I (Ian Fellows) was recently asked to compare Deducer with R Commander. This is my reply:

Let me start off by saying that I really like what Dr. Fox has done. He has created a great resource for beginners to get familiar with R. Rcmdr is designed as an interface for beginners, and it is Dr. Fox's hope that they will be "weened off of the dialogs" and eventually just use the command line. I have a bit of a different goal with Deducer. I want Deducer to be user friendly enough to be used by someone just starting out, yet flexible and powerful enough to increase the efficiency of expert users. It would be unfair to criticize Rcmdr for not serving the needs of advanced users, because it was never designed for this.

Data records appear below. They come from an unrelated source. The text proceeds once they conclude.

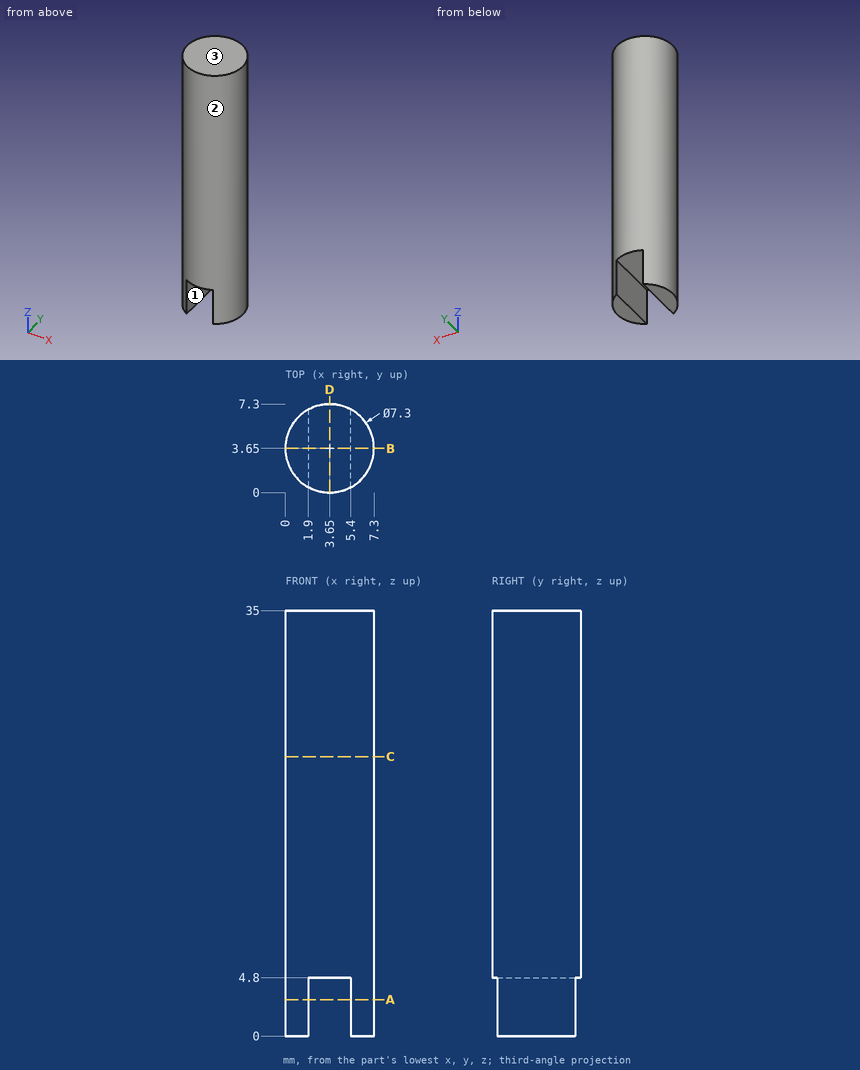
For this review, use the dimensioned drawing (mm, ordinates from the lowest corner) and the shaded views. Round coordinates to 2 decimals unless told otherwise and drop trailing zeros. Order: outer loops, then holes, each group sorted by start corner. A loop starts at its lowest first (then second) coordinate and runs counter-clockwise, first axis right, second up. Notation, with made-up numbers: (35.5, 67) -> (82.5, 67) arc R17 cw to (82.5, 84) -> close; hole circle Ø8 at (28, 73.5). An arc over 180 degrees is marked (long way). Use CSV: the item, a comma, the result in double quotes. Start each with the question number.
(1) Insertion check: pin 1 (1.5 mm diameter, centred on x = 5.5, z = 28, fed in from +Y). The pin has a flat end and moves straight along its axis. Give the tip position at first contact, or say it passes through.
(2) Wall thickness on probe 1 along Z at (x, y) = (3.5, 5.75); probe 2 along X at (y, z) = (4.25, 2); probe 3 along Y at (x, z) = (2, 19): over which ranges is each line inside the solid? List them lowest first. Write a range as from..to.
(3) Consider section B-B on y = 3.65. Write out the cut boundary in (x, z), and give its area (3 significant figures).
(4) Consider section C-C on z = 23. Write out the cut boundary in (x, y), and give its area (3 significant figures).
(5) Mouldability with a two-part tool opening along X and no side actions: class the marked faces 1, 2 and 3 as pulls with the +X half, pulls with the -X half, needs draft (parallel to the pull), parting line crosses it, or undercut.
(6) Consider section A-A on z = 3. Write out the cut boundary in (x, y), and give its area (3 significant figures).
(7) Consider section D-D on x = 3.65. Write out the cut boundary in (y, z), and give its area (3 significant figures).
Responses:
1,pin 1,"y = 7.13"
2,probe 1,"4.8..35"
2,probe 2,"0.05..1.9, 5.4..7.25"
2,probe 3,"0.39..6.91"
3,outline,"(0, 0) -> (1.9, 0) -> (1.9, 4.8) -> (5.4, 4.8) -> (5.4, 0) -> (7.3, 0) -> (7.3, 35) -> (0, 35) -> close"
3,area,"239 mm²"
4,outline,"circle Ø7.3 at (3.65, 3.65)"
4,area,"41.9 mm²"
5,face 1,"undercut"
5,face 2,"parting line crosses it"
5,face 3,"needs draft"
6,outline,"(1.9, 0.45) -> (1.9, 6.85) arc R3.65 ccw to start; (5.4, 0.45) arc R3.65 ccw to (5.4, 6.85) -> close"
6,area,"17.3 mm²"
7,outline,"(0, 4.8) -> (7.3, 4.8) -> (7.3, 35) -> (0, 35) -> close"
7,area,"220 mm²"

That said, I think Deducer has a lot of advantages, both in ease of use, and increased efficiency.

Ease of use:

  1. Console integration: It is a bit awkward to have a separate console for the menus as Rcmdr has. Deducer is fully integrated into the usual windows console, though it is best used with the user friendly cross-platform JGR console.
  2. Data viewer: Beginners really like to be able to see their data. The data viewer goes a long way in helping them see what they are doing.
  3. Task based dialogs: Deducer has task based dialogs instead of function based ones. Rcmdr has separate dialogs for each R function it uses. For example, there are 6 menu items for loading data from a file (one for each loading function), whereas Deducer has one which picks the right function based on extension and user selection. As another example, two-sample tests in Deducer are all grouped into one dialog because they are all different ways of answering the same question.
  4. Help system: Deducer's online help system walks the user through the dialogs with screen shots and practical examples.
  5. Prettier interface: The toolkit that is used to make Rcmdr is somewhat limiting, and (IMHO) doesn't have the nicest look and feel.
  6. Drag and drop: Deducer implements drag and drop to and from the dialog lists.

Efficiency:

  1. Dialogs have memory: One of the constantly vexing things about Rcmdr is that the dialogs do not remember what options were selected the last time they were used. Data analysis is an iterative process, it is very rare that I specify exactly the right set of options the first time.
  2. Multiple datasets: Deducer can work with multiple data frames at the same time. No need to specify an "active set." Deducer automatically defaults the variable selector to the most recently used dataset, but this can be changed easily for each analysis.
  3. Multiple analyses: sometimes you'll want to do a t-test on 5 variables. In Rcmdr, you have to go through the dialog 5 times.

Both:

  1. Result tables: tests and analyses are formatted into easy to read tables. This is particularly apparent when comparing the two-programs' implementations of contingency tables.
  2. Analysis plots: Each analysis has at least one descriptive plot which helps users visualize their results, and identify potential problems such as outliers/non-normality.

Areas where Rcmdr is superior:

  1. Excel integration: Rcmdr can be integrated into Excel.
  2. Richer set of analyses: Rcmdr is more mature, and thus has a more rich set of analyses that have been programmed into it, including many excellent plug-ins.